(Beginning of DATA FOR THIS EXERCISE)

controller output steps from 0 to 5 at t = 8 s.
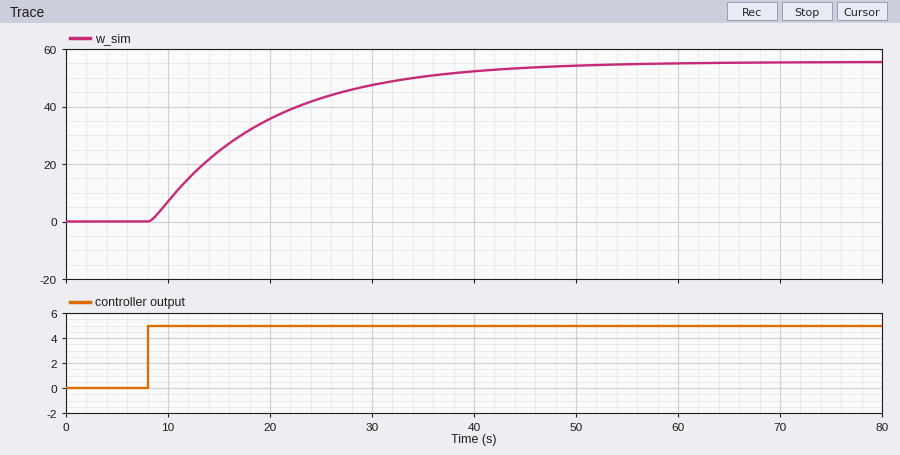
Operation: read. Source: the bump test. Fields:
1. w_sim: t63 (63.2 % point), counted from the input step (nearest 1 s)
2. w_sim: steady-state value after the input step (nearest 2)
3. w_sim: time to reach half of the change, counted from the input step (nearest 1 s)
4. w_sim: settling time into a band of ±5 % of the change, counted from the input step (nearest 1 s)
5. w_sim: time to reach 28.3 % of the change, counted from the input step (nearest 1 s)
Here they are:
12 s
56
8 s
34 s
4 s
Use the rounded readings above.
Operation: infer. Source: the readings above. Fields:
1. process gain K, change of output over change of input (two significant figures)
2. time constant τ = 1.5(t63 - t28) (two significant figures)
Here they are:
11
12 s

(End of DATA FOR THIS EXERCISE)

WHAT TO PRODUCE » Transcribe only what runs from the line with "4. w_sim: settling" to the last line above, keeping every line exactly as written.

ANSWER TO THE PROBLEM »
4. w_sim: settling time into a band of ±5 % of the change, counted from the input step (nearest 1 s)
5. w_sim: time to reach 28.3 % of the change, counted from the input step (nearest 1 s)
Here they are:
12 s
56
8 s
34 s
4 s
Use the rounded readings above.
Operation: infer. Source: the readings above. Fields:
1. process gain K, change of output over change of input (two significant figures)
2. time constant τ = 1.5(t63 - t28) (two significant figures)
Here they are:
11
12 s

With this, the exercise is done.